Post-Hakikat Politikası ve Kıbrıs Görüşmeleri
Oxford Sözlüğü 2016 yılının en popüler sözcüğü olarak Post-Hakikat (Post Turth) terimini seçti. Bu kavram bir süreden beri dolaşımda olmakla birlikte, Birleşik Krallığı Avrupa Birliği’nden koparan referandum sürecinde yürütülen kampanyalar ve ABD seçimlerinde Donald Trump’ın takındığı tavırlar Post-Hakikat sözcüğünü popülerleştirdi. Bazılarına göre, artık Post-Hakikat Döneminde yaşıyoruz.
Post-Hakikat aslında bir “yalan sanatıdır” ama yalanı saklamayı beceriyor. Gerçek verilere dayanmayan ve duyguları hedef alan bir söyleme dayanıyor. Aslında gerçek de bütünüyle yadsınmaz ama bu söylemde gerçeğin önemi kaybolup gider. Seçici bir yaklaşımla bazı bilgi kırıntıları bağlamından koparılarak yan yana getirilir ve bir imge/algı yaratılır. Bunun gerçek olup olmaması siyasileri ilgilendirmez. Önemli olan, kitleler üzerinde duygusal etki yaratmaktır.
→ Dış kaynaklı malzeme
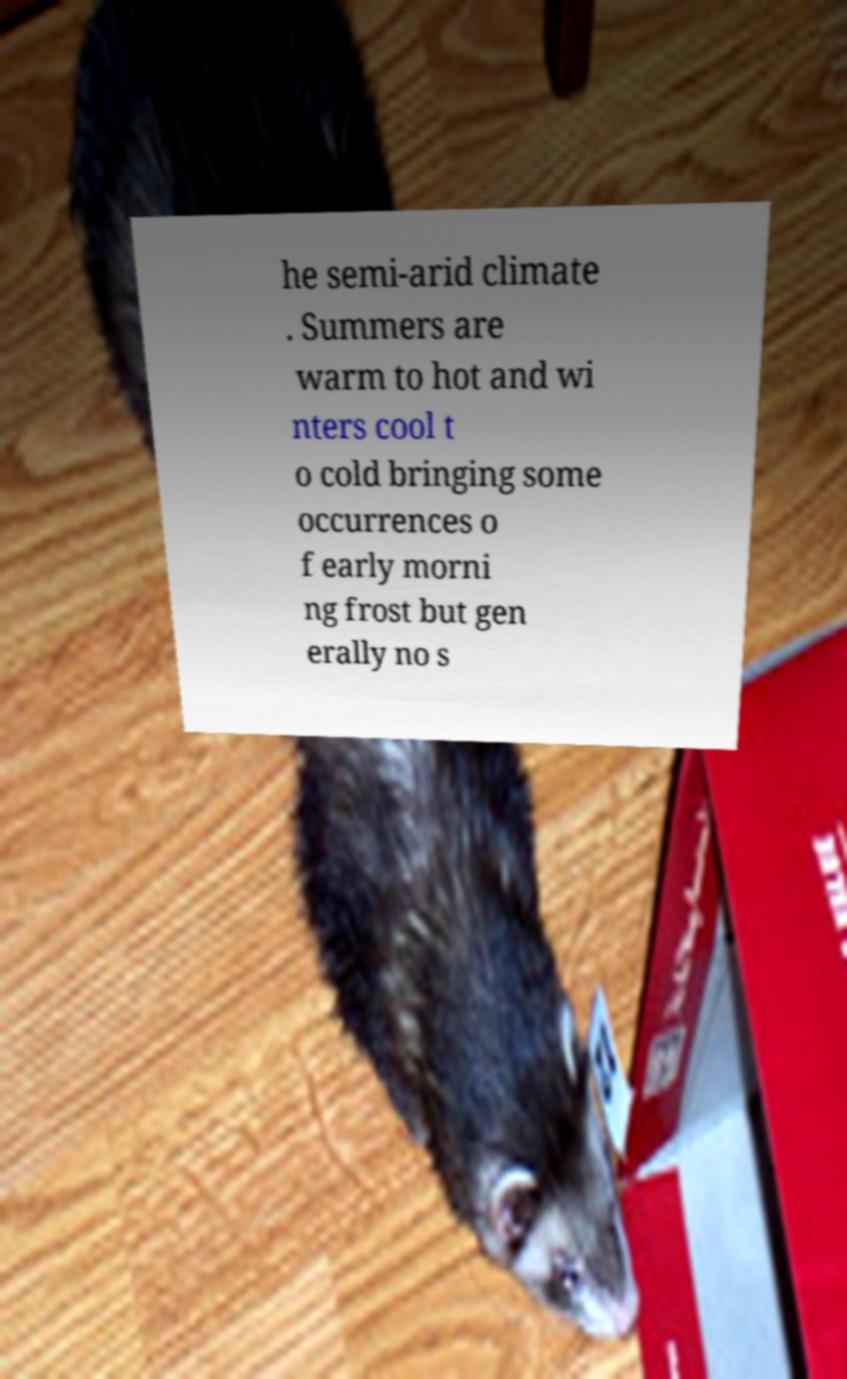I need the written content from this picture converted into text. Can you do that? he semi-arid climate . Summers are warm to hot and wi nters cool t o cold bringing some occurrences o f early morni ng frost but gen erally no s 
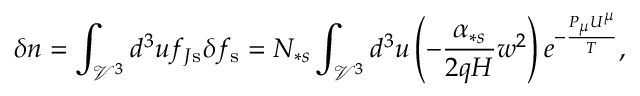<formula> <loc_0><loc_0><loc_500><loc_500>\delta n = \int _ { \mathcal { V } ^ { 3 } } d ^ { 3 } u f _ { J s } \delta f _ { s } = N _ { \ast s } \int _ { \mathcal { V } ^ { 3 } } d ^ { 3 } u \left ( - \frac { \alpha _ { \ast s } } { 2 q H } w ^ { 2 } \right ) e ^ { - \frac { P _ { \mu } U ^ { \mu } } { T } } ,</formula>

Günümüz dünyasında maalesef Post-Hakikat siyasetine olmaya doğru süratle yol alıyoruz. Ülkemizde ise durum daha da vahim. Cenevre öncesinde çözüm karşıtı siyasi partilerin ve elitlerin söylediklerine bakılırsa, Post-Hakikat siyasetinde rekora koşuyoruz. Yalan yanlış bilgilerle, çarpıtılmış verilerle yurttaşlara “çözüm-korkusu” aşılamak için her yola baş vuruluyor. Kıbrıs Rum toplumunda bu “yalan sanatının” başını Nikolas Papadopullos çekiyor. Gerçeği geri plana atmaktan, verileri çarpıtmaktan hiç çekinmeyen DİKO başkanı, Kıbrıslı Rumlar arasında korkuya dayalı bir duygu ortamı oluşturmaya çalışıyor. Kıbrıs Türk toplumunda da benzer tavırlar içinde olanların sayısı az değil.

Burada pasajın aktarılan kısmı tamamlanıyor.